[ACTION ITEM] Below is a listing. Write out exactly its lines between the one holding "remote control: (-0.696, 0.412, 1.072);" and the one holding "- small box [1010,0,1227,109]", inclusive.

:::::

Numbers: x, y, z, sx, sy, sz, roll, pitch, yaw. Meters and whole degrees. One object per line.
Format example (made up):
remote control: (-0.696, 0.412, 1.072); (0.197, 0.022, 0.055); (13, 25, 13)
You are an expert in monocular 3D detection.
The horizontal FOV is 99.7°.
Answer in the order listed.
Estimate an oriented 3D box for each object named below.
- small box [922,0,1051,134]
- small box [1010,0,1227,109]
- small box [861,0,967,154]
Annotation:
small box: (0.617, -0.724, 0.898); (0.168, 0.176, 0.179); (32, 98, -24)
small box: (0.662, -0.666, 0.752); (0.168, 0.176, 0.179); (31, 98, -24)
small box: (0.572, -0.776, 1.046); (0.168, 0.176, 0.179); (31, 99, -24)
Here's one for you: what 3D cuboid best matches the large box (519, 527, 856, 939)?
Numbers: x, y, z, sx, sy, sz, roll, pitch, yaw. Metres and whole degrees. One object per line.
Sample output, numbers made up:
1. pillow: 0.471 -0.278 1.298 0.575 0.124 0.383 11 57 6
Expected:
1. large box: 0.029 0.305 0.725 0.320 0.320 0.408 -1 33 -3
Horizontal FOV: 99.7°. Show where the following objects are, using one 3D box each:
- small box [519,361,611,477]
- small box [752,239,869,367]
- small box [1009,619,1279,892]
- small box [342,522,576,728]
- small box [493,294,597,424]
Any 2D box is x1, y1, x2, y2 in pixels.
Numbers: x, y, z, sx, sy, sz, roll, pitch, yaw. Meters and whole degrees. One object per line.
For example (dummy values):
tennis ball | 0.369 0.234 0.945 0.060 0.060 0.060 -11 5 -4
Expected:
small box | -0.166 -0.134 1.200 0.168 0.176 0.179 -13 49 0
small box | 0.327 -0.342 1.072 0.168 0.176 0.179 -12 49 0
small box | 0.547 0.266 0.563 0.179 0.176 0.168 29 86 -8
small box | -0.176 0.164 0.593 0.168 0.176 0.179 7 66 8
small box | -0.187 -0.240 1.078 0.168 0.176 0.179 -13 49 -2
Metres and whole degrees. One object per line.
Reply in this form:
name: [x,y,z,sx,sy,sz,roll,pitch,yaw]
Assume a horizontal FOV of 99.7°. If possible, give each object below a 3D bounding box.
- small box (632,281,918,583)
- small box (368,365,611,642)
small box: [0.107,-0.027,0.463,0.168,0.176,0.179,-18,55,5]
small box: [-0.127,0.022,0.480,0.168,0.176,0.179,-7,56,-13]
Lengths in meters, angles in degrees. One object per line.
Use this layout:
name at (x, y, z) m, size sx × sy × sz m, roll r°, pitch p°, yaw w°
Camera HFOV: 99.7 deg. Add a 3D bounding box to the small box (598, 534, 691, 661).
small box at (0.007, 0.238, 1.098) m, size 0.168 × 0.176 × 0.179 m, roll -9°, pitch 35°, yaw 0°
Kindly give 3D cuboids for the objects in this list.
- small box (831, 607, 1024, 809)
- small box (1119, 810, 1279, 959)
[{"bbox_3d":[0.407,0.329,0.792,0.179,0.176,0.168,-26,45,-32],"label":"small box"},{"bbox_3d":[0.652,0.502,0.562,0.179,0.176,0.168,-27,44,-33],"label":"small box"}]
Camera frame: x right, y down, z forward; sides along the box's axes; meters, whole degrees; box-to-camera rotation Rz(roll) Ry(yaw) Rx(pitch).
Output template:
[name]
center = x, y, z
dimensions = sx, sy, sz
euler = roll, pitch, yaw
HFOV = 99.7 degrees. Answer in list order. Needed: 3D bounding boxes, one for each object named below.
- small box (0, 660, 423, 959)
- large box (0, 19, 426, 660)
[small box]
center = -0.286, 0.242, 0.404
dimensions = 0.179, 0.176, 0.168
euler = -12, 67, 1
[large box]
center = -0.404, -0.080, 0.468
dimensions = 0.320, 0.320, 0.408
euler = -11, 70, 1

:::::

[SOLUTION TO THIS TASK]
remote control: (-0.696, 0.412, 1.072); (0.197, 0.022, 0.055); (13, 25, 13)
You are an expert in monocular 3D detection.
The horizontal FOV is 99.7°.
Answer in the order listed.
Estimate an oriented 3D box for each object named below.
- small box [922,0,1051,134]
- small box [1010,0,1227,109]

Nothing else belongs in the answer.